Stability AI has introduced Stable Cascade, a text-to-image architecture designed to set new standards in the quality, flexibility, and efficiency of AI-driven image creation.
Stable Cascade builds upon the success of its predecessor, Stable Diffusion, which has been a foundational tool in the realm of text-to-image AI applications. However, Stable Cascade distinguishes itself by introducing enhanced capabilities that include generating variations of an image, improving image resolution, and specialized editing features such as inpainting, outpainting, and canny edge detection. These features allow users to modify specific parts of an image or create new images from the outlines of existing ones.

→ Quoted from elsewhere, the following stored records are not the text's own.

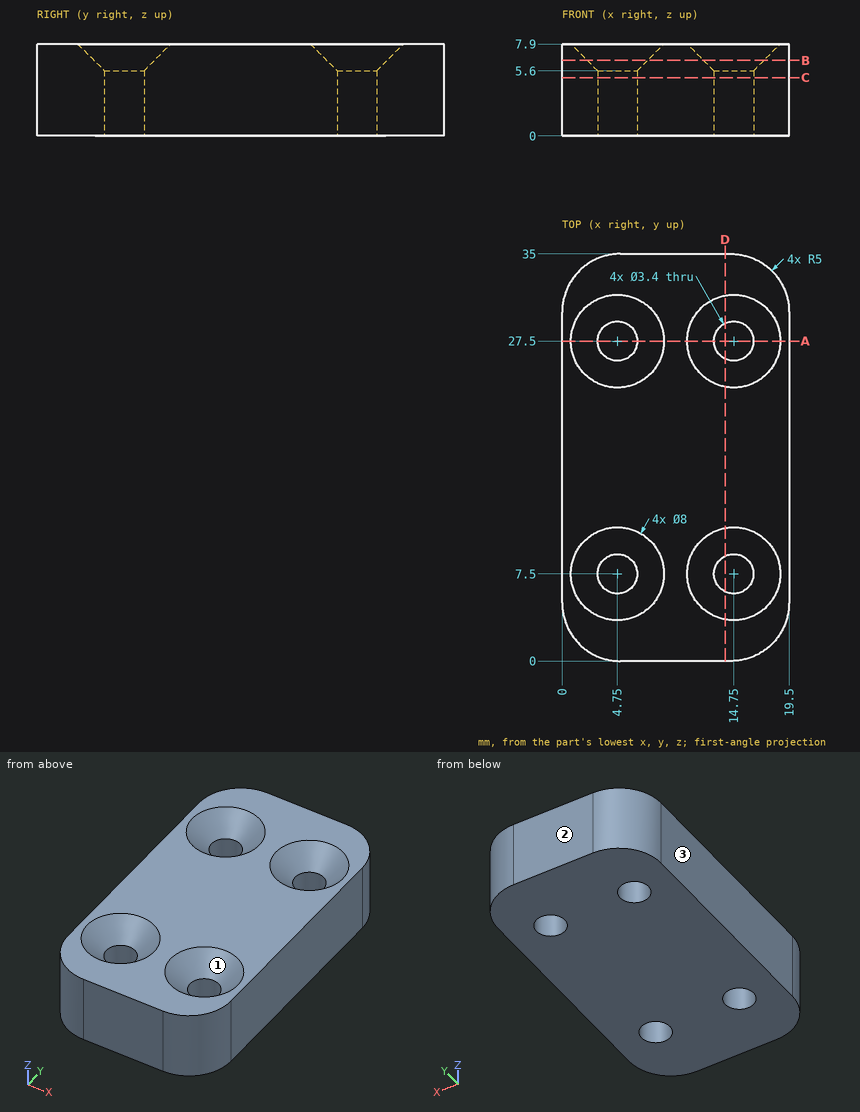
Part print with two shaded views. Sizes in mm from the minimum x, y, z corner. Coordinates: 2 decimals unless noted, no trailing zeros. Write each loop counter-clockwise with the first axis right and the second up, starting at its lowest first coordinate (ties: lowest second). Pieces come first, ordered by that corner, then holes. Notation, with made-up numbers: (66.25, 26.5) -> (88.25, 26.5) arc R17 cw to (88.25, 52.5) -> close; hole circle Ø10 at (62.5, 8.25). An arc over 180 degrees is marked (long way). Return JSON: item names as keys, results as strings. Group by question number.
Q1. Flat gauge pins, fed straight in: pin 1 (4.5 mm diameter, centred on x = 4.75, y = 7.5, fed in from +Z); pin 2 (2 mm diameter, centred on x = 14.75, y = 27.5, fed in from +Z); pin 3 (1.5 mm diameter, centred on x = 2.5, z = 5, fed in from -Y). Where does each tip first touch, or does it go through?
Q2. Cut at B-B, the plane z = 6.5. Give the cut face in (x, y), then the cut area to 3 significant figures.
Q3. Cut at C-C, the plane z = 5. Give the cut face in (x, y), then the cut area to 3 significant figures.
Q4. Cut at A-A, the plane y = 27.5. Give the cut face in (x, z).
Q5. Pull direction Y, two halves, no side cores. Call the marked faces 1, 2 and 3: released by +Y, released by -Y, zero draft, split by the parting line, or undercut.
Q6. Drill centre lines: line 1 (X direction, y = 7.5, z = 1.8); line 2 (Y direction, x = 14.75, z = 3.4); line 3 (X direction, y = 9, z = 0.5). Where is each one in solid material? Low to high.
Q7. Cut at D-D, the plane x = 14. State how many separate pieces and enclosed holes the cut face has, then the cut area to 3 significant figures.
Returned:
{
 "1": {"pin 1": "stops at z = 6.15", "pin 2": "passes through", "pin 3": "stops at y = 0.32"},
 "2": {"outline": "(0, 5) arc R5 ccw to (5, 0) -> (14.5, 0) arc R5 ccw to (19.5, 5) -> (19.5, 30) arc R5 ccw to (14.5, 35) -> (5, 35) arc R5 ccw to (0, 30) -> close; hole circle Ø5.2 at (4.75, 7.5); hole circle Ø5.2 at (4.75, 27.5); hole circle Ø5.2 at (14.75, 7.5); hole circle Ø5.2 at (14.75, 27.5)", "area": "576 mm2"},
 "3": {"outline": "(0, 5) arc R5 ccw to (5, 0) -> (14.5, 0) arc R5 ccw to (19.5, 5) -> (19.5, 30) arc R5 ccw to (14.5, 35) -> (5, 35) arc R5 ccw to (0, 30) -> close; hole circle Ø3.4 at (4.75, 7.5); hole circle Ø3.4 at (4.75, 27.5); hole circle Ø3.4 at (14.75, 7.5); hole circle Ø3.4 at (14.75, 27.5)", "area": "625 mm2"},
 "4": {"outline": "(0, 0) -> (3.05, 0) -> (3.05, 5.6) -> (0.75, 7.9) -> (0, 7.9) -> close; (6.45, 0) -> (13.05, 0) -> (13.05, 5.6) -> (10.75, 7.9) -> (8.75, 7.9) -> (6.45, 5.6) -> close; (16.45, 0) -> (19.5, 0) -> (19.5, 7.9) -> (18.75, 7.9) -> (16.45, 5.6) -> close"},
 "5": {"face 1": "undercut", "face 2": "released by +Y", "face 3": "zero draft"},
 "6": {"line 1": "x = 0 to 3.05, 6.45 to 13.05, 16.45 to 19.5", "line 2": "y = 0.01 to 5.8, 9.2 to 25.8, 29.2 to 34.99", "line 3": "x = 0 to 3.95, 5.55 to 13.95, 15.55 to 19.5"},
 "7": {"separate pieces": "3", "enclosed holes": "0", "area": "217 mm2"}
}
Part model, mm, in its own coordinate system. A direction names the side the tool comes from. Give positions to 0.01 mm unless a question says otherwise; leave off trailing zeros. Loops run counter-clockwise (first coordinate to the right, second up) from the corner with the lowest first, then second, coordinate; pieces in that order, holes last. Notation, with made-up numbers: M 68,-16.75 L 80,-16.75 A34 cw 80,16.25 Z; hole C 80,-2 d2. An arc over 180 degrees is marked long. Put each result on its own line as item: value. Start each with the question number.
Solid Edge part; units mm, degrees
sketch "Sketch1" plane through (0, 0, 0) normal (0, -1, 0) x (1, 0, 0)
  circle A0 centre (0, 0) radius 5
extrude "Protrusion1" add sketch "Sketch1" along normal mid plane 115
sketch "Sketch2" plane through (0, 0, 0) normal (0, -1, 0) x (1, 0, 0)
  circle A0 centre (0, 0) radius 3
extrude "ExtrudedProtrusion_2" add sketch "Sketch2" along normal mid plane 143
sketch "Sketch3" plane through (0, -71.5, 0) normal (0, -1, 0) x (1, 0, 0)
  circle A0 centre (0, 0) radius 1.5
extrude "ExtrudedCutout_1" cut sketch "Sketch3" against normal blind 15
sketch "Sketch4" plane through (0, 71.5, 0) normal (0, 1, 0) x (0, 0, -1)
  circle A0 centre (0, 0) radius 1.5
extrude "ExtrudedCutout_2" cut sketch "Sketch4" against normal blind 15
properties material "Aluminum, 5050"
1) Pin check, flat tips, straight feed: pin 1 Ø2.5 at (x, z) = (0, 0) entering from +Y; pin 2 Ø4 at (y, z) = (3.5, -0.5) entering from -X; pin 3 Ø2.5 at (x, z) = (0, 0) entering from -Y; pin 4 Ø1 at (y, z) = (26.5, -2) entering from +X. Stop position of each tip, or through.
2) Band-saw the part on A-A on z = 0. Give the cut face in (x, y), then the cut area to 3 significant figures.
3) Which spindle directions (+Z, -Z, +X, -X, +Y, -Y) get a long thin tool onto all of the face, cutting with end or side? Do faces 1 (the flat face through (-1.3, -71.5, -1.3)), 2 (the cylindrical face through (-0.07, 64.1, 1.5)), 3 (the flat face through (0, -56.5, 0)). Say none if no direction does.
4) Mould opens along X. For faces 4 (the cylindrical face through (-1.5, -64.1, 0.07)), 5 (the flat face through (0.1, -57.5, -3.3)), 6 (the cylindrical face through (-3, -64, 0)) say: +X half, -X half, draft (parallel to the pull), parting line (faces both ways), or undercut.
5) Wall check: L1, parallel to Z at x = 0, y = -64.5; L2, parallel to Y at x = 2.75, z = 2; L3, parallel to Z at x = 4, y = -20.5. Give the ranges that are in metal, low to high.
6) Band-saw the part on C-C on y = -18.5. Give the cut face in (x, z), then the cut area to 3 significant figures.
7) Band-saw the part on B-B on x = 0. Give the cut face in (y, z).
Evaluation:
1. pin 1: y = 56.5
1. pin 2: x = -5
1. pin 3: y = -56.5
1. pin 4: x = 4.77
2. outline: M -5,-57.5 L -3,-57.5 L -3,-71.5 L -1.5,-71.5 L -1.5,-56.5 L 1.5,-56.5 L 1.5,-71.5 L 3,-71.5 L 3,-57.5 L 5,-57.5 L 5,57.5 L 3,57.5 L 3,71.5 L 1.5,71.5 L 1.5,56.5 L -1.5,56.5 L -1.5,71.5 L -3,71.5 L -3,57.5 L -5,57.5 Z
2. area: 1,230 mm2
3. face 1: +Z, -Z, +X, -X, -Y
3. face 2: +Y
3. face 3: -Y
4. face 4: undercut
4. face 5: draft
4. face 6: parting line
5. L1: -3 to -1.5, 1.5 to 3
5. L2: -57.5 to 57.5
5. L3: -3 to 3
6. outline: C 0,0 d10
6. area: 78.5 mm2
7. outline: M -71.5,-3 L -57.5,-3 L -57.5,-5 L 57.5,-5 L 57.5,-3 L 71.5,-3 L 71.5,-1.5 L 56.5,-1.5 L 56.5,1.5 L 71.5,1.5 L 71.5,3 L 57.5,3 L 57.5,5 L -57.5,5 L -57.5,3 L -71.5,3 L -71.5,1.5 L -56.5,1.5 L -56.5,-1.5 L -71.5,-1.5 Z
Autodesk Inventor part; units mm, degrees
ref_plane "YZ Plane" through (0, 0, 0) normal (1, 0, 0) x (0, 1, 0)
ref_plane "XZ Plane" through (0, 0, 0) normal (0, 1, 0) x (-1, 0, 0)
ref_plane "XY Plane" through (0, 0, 0) normal (0, 0, 1) x (1, 0, 0)
sketch "Sketch1" plane through (0, 0, 0) normal (0, 0, 1) x (1, 0, 0)
  line L0 (-26, 5) -> (26, 5)
  line L1 (26, 5) -> (26, -5)
  line L2 (26, -5) -> (-26, -5)
  line L3 (-26, -5) -> (-26, 5)
  point P0 (0, 0)
  dimension "d0" = 52
  dimension "d1" = 10
extrude "Extrusion1" add sketch "Sketch1" along normal blind 1.5
sketch "Sketch2" plane through (-26, -5, 0) normal (0, -1, 0) x (1, 0, 0)
  line L0 (0, 1.5) -> (52, 1.5)
  line L1 (26, 1.5) -> (13, 1.5)
  line L2 (13, 4.7) -> (15, 4.7)
  line L3 (15, 4.7) -> (15, 1.5)
  line L4 (13, 4.7) -> (13, 6.3)
  line L5 (13, 6.3) -> (15, 8.3)
  line L6 (13, 6.3) -> (15.8284, 6.3) construction
  line L7 (15, 8.3) -> (11, 8.3)
  line L8 (11, 8.3) -> (11, 1.5)
  line L9 (52, 1.5) -> (0, 1.5)
  line L10 (11, 1.5) -> (15, 1.5)
  line L11 (26, 1.5) -> (26, 4.9)
  line L12 (39, 4.7) -> (37, 4.7)
  line L13 (37, 4.7) -> (37, 1.5)
  line L14 (39, 4.7) -> (39, 6.3)
  line L15 (39, 6.3) -> (37, 8.3)
  line L16 (39, 6.3) -> (36.1716, 6.3) construction
  line L17 (37, 8.3) -> (41, 8.3)
  line L18 (41, 8.3) -> (41, 1.5)
  line L19 (41, 1.5) -> (37, 1.5)
  point P0 (26, 0)
  point P1 (39, 1.5)
  dimension "d4" = 13
  dimension "d5" = 3.2
  dimension "d6" = 2
  dimension "d7" = 1.6
  dimension "d8" = 45
extrude "Extrusion2" add sketch "Sketch2" against normal blind 10
sketch "Sketch3" plane through (-26, -5, 0) normal (0, -1, 0) x (1, 0, 0)
  line L0 (0, 0) -> (52, 0)
  line L1 (0, 0) -> (0, -1.5)
  line L2 (0, 0) -> (0, 1.5)
  line L3 (0, 1.5) -> (-1.5, 1.5)
  line L4 (0, -1.5) -> (0.75, -2.25)
  line L5 (0, -1.5) -> (4.2622, -1.5) construction
  line L6 (0.75, -2.25) -> (-0.3107, -3.3107)
  line L7 (0.75, -2.25) -> (-0.3107, -3.3107)
  line L8 (0, 1.5) -> (-1.5, 1.5)
  line L9 (-1.5, 1.5) -> (-1.5, -2.1213)
  line L10 (-0.3107, -3.3107) -> (-1.5, -2.1213)
  line L11 (26, 0) -> (26, -3.3107)
  line L12 (52, 0) -> (52, -1.5)
  line L13 (52, 0) -> (52, 1.5)
  line L14 (52, 1.5) -> (53.5, 1.5)
  line L15 (52, -1.5) -> (51.25, -2.25)
  line L16 (52, -1.5) -> (47.7378, -1.5) construction
  line L17 (51.25, -2.25) -> (52.3107, -3.3107)
  line L18 (51.25, -2.25) -> (52.3107, -3.3107)
  line L19 (52, 1.5) -> (53.5, 1.5)
  line L20 (53.5, 1.5) -> (53.5, -2.1213)
  line L21 (52.3107, -3.3107) -> (53.5, -2.1213)
  dimension "d11" = 1.5
  dimension "d13" = 45
  dimension "d15" = 1.5
extrude "Extrusion3" add sketch "Sketch3" against normal blind 10
fillet "Fillet1" radius 0.5 4 edges at (-25.25, 0, -2.25) (-26.3107, 0, -3.3107) (25.25, 0, -2.25) (26.3107, 0, -3.3107)
fillet "Fillet2" radius 1 2 edges at (-15, 0, 8.3) (15, 0, 8.3)
fillet "Fillet3" radius 0.5 2 edges at (-11, 0, 8.3) (11, 0, 8.3)
fillet "Fillet4" radius 0.5 2 edges at (-11, 0, 4.7) (11, 0, 4.7)
properties part number "env_combo_holder"
Design review of the part built by this model. Coordinates are the model's own, in mm. A direction names the side the tool comes from. Give positions to 0.01 mm unless a question says otherwise; leave off trailing zeros. Order: outer loops, then holes, each group sorted by start corner. A loop starts at its lowest first (then second) coordinate and runs counter-clockwise, first axis right, second up. Notation, with made-up numbers: (8.25, 23) -> (16.25, 23) arc R30 ccw to (16.25, 51) -> close; hole circle Ø5 at (-6, -19.75). An arc over 180 degrees is marked (long way). Write each question's results on one line, items separated by ' | '. Start each with the question number.
Q1. Machinability: for faces 4 (the flat face through (15, 0, 4)), 5 (the flat face through (-15, 0, 4)), 6 (the flat face through (-11, 0, 3)), 7 (the flat face through (-13, 0, 5)), which of the approach directions +Z, -Z, +X, -X, +Y, -Y give a long, thin tool a straight path to every point of the face, cutting with its end or side? Answer none if there is none.
Q2. Wall thickness on L1, parallel to X at y = 4.25, z = 2; L2, parallel to X at y = -1.5, z = -0.75; L3, parallel to Z at x = -17.5, y = -3.5: over which ranges is each line inside the solid? List them lowest first. Write a range as from..to.
Q3. For pin 1 (5 mm diameter, centred on x = 12.5, z = -2, fed in from +Y); pin 2 (1.7 mm diameter, centred on y = 0, z = 4, fed in from -X); pin 3 (3 mm diameter, centred on x = 9, y = 3.5, fed in from +Z); pin 4 (0.5 mm diameter, centred on y = 0, z = 5.5, fed in from +X), all flat-tipped, find the tip position at first contact; note any pin that passes through.
Q4. Mouldability with a two-part tool opening along Z and no side actions: class faces 1 (the flat face through (21, 0, 1.5)), 2 (the flat face through (13, 0, 5)), 3 (the flat face through (27.5, 0, 0)) as +Z half, -Z half, draft (parallel to the pull), parting line (faces both ways), or undercut.
Q5. Add section A-A on z = 3. Give the boundary of the cut face in (x, y).
Q6. Add section B-B on x = 17. Give the boundary of the cut face in (y, z), and give its area (3 significant figures).
Found:
1) face 4: +Z, +X, +Y, -Y | face 5: +Z, -X, +Y, -Y | face 6: +Z, +Y, -Y | face 7: +Y, -Y
2) L1: x = -15..-11, 11..15 | L2: x = -27.5..-26, 26..27.5 | L3: z = 0..1.5
3) pin 1: stops at y = 5 | pin 2: stops at x = -15 | pin 3: stops at z = 1.5 | pin 4: stops at x = 15
4) face 1: +Z half | face 2: undercut | face 3: draft
5) outline: (-15, -5) -> (-11, -5) -> (-11, 5) -> (-15, 5) -> close; (11, -5) -> (15, -5) -> (15, 5) -> (11, 5) -> close
6) outline: (-5, 0) -> (5, 0) -> (5, 1.5) -> (-5, 1.5) -> close | area: 15.0 mm2
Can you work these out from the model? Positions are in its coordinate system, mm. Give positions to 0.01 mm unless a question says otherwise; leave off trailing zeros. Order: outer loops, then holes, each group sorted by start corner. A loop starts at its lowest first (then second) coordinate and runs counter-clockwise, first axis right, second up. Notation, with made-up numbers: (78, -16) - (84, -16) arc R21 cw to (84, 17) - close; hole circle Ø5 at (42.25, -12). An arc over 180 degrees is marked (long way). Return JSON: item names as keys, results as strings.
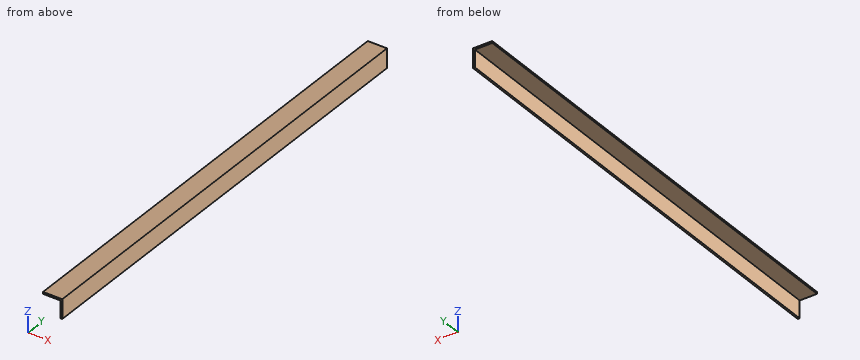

Unlike the single large language model approach of its predecessors, Stable Cascade utilizes a trio of models based on the Würstchen architecture. The process starts with compressing text prompts into latents, or smaller code pieces, which are then decoded by the subsequent stages. This method significantly reduces memory requirements and computational time, making the model both faster and more resource-efficient. In practical terms, Stable Cascade can generate images in about 10 seconds, a substantial improvement over the 22 seconds required by the current SDXL model.
Stability AI has released all necessary code for training, fine-tuning, and customization on GitHub, including scripts for specialized applications such as inpainting/outpainting, canny edge generation, and super-resolution. As of now, Stable Cascade is available for non-commercial use, with guidelines pending further policy development.